## Task objective:
Where the string "from" occurs in the material below, report the whole line.

## Records for the exercise:
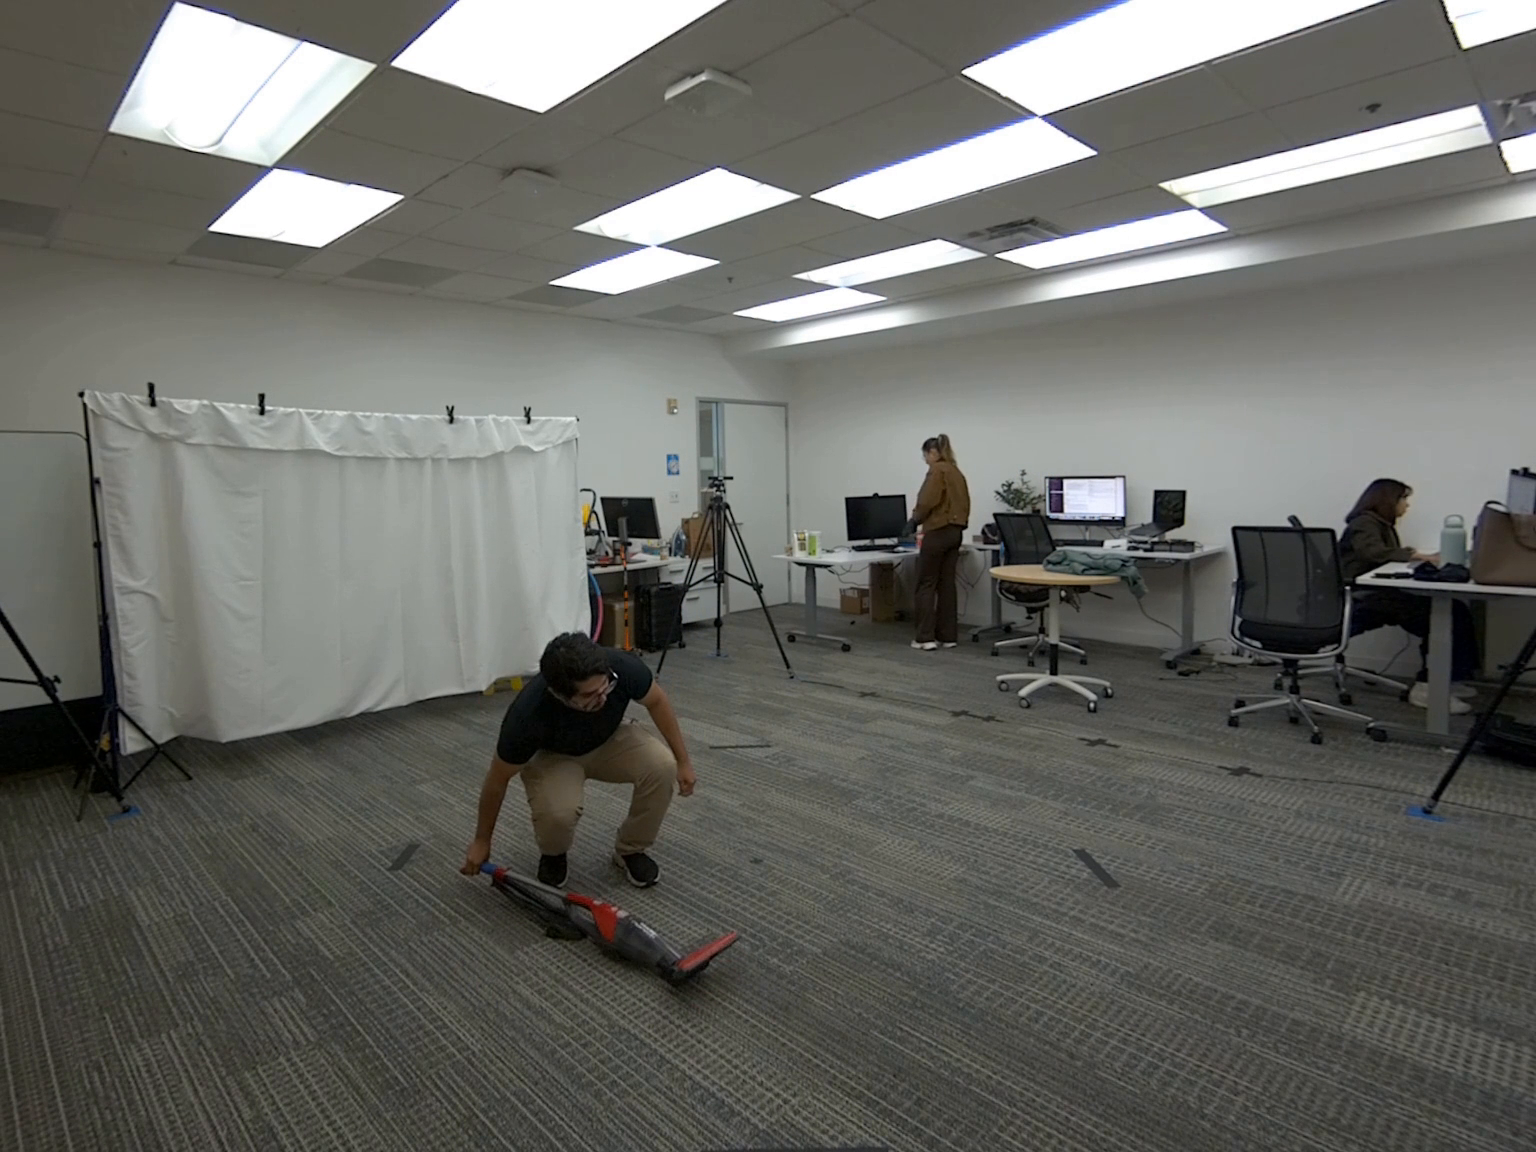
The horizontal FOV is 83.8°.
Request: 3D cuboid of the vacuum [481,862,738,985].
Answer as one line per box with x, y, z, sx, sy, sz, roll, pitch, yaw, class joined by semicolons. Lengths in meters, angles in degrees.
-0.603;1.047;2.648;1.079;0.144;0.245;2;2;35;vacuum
==
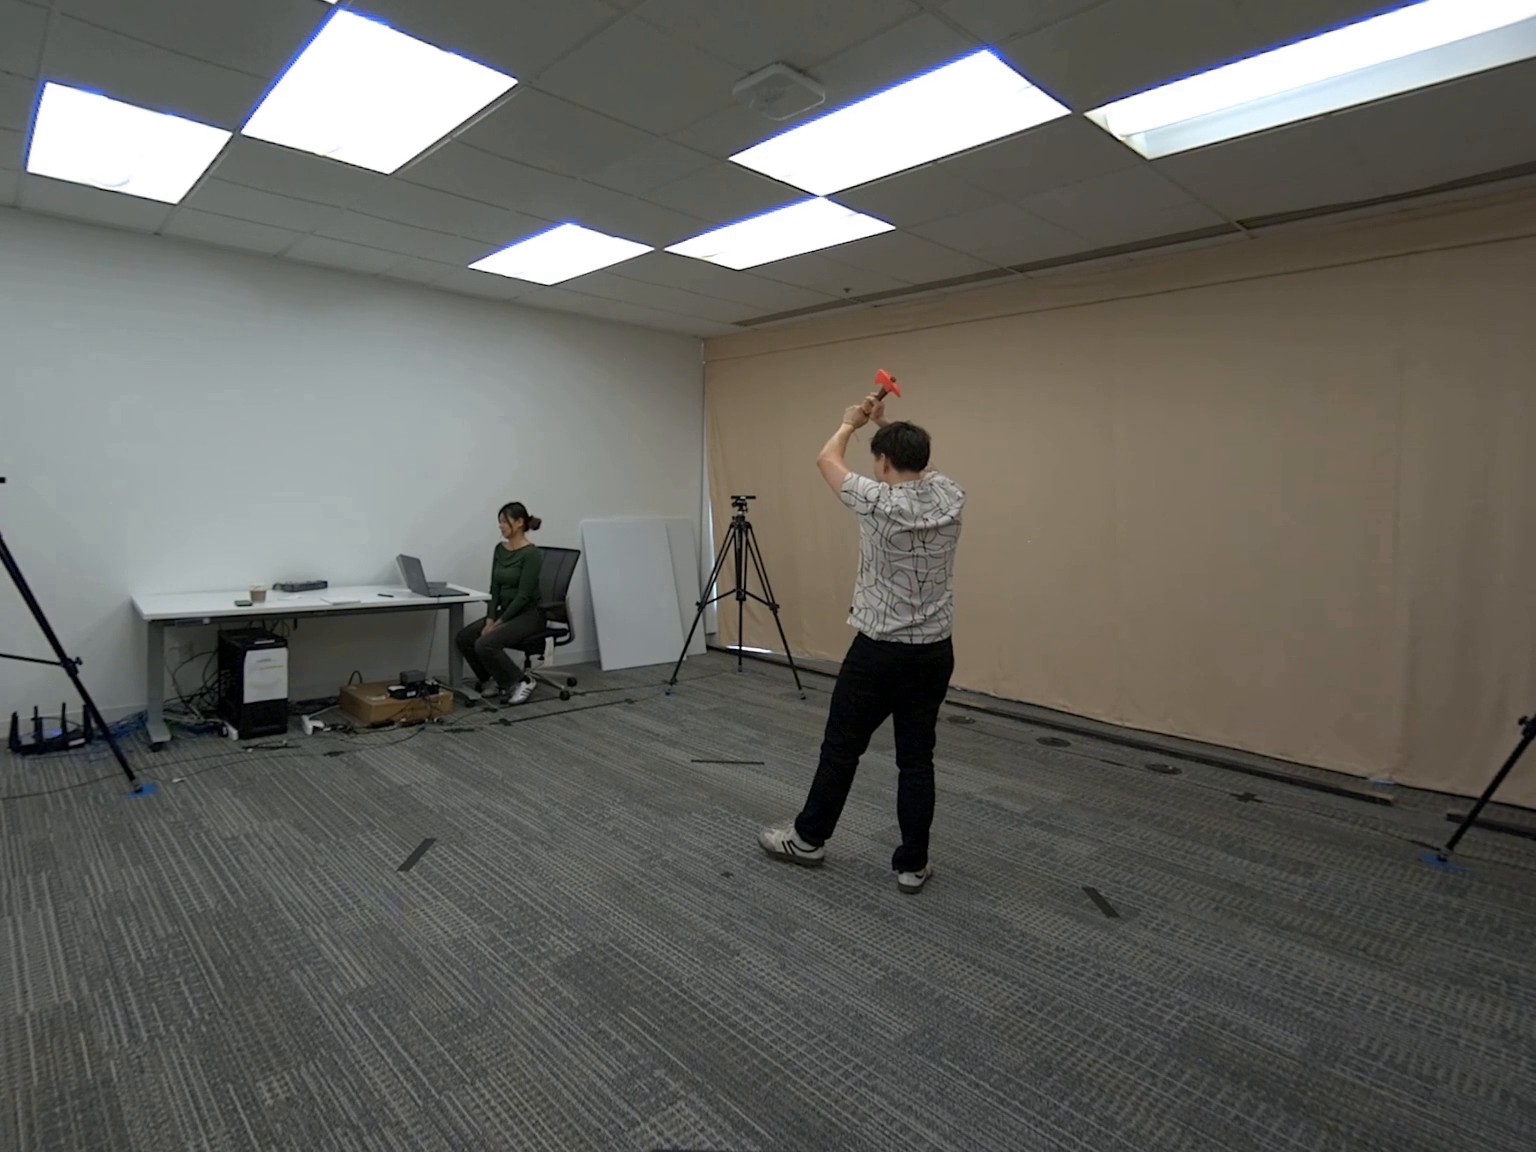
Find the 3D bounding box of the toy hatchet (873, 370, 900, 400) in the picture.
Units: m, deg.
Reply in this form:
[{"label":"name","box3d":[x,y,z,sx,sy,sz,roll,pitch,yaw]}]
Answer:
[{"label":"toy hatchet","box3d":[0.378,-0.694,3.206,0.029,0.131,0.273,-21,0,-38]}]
* * *
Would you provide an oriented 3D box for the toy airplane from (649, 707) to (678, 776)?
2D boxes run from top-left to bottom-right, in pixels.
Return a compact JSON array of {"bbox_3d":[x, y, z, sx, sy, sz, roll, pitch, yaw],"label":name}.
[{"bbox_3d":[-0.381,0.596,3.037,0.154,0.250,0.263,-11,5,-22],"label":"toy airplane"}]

## Your response:
Would you provide an oriented 3D box for the toy airplane from (649, 707) to (678, 776)?
2D boxes run from top-left to bottom-right, in pixels.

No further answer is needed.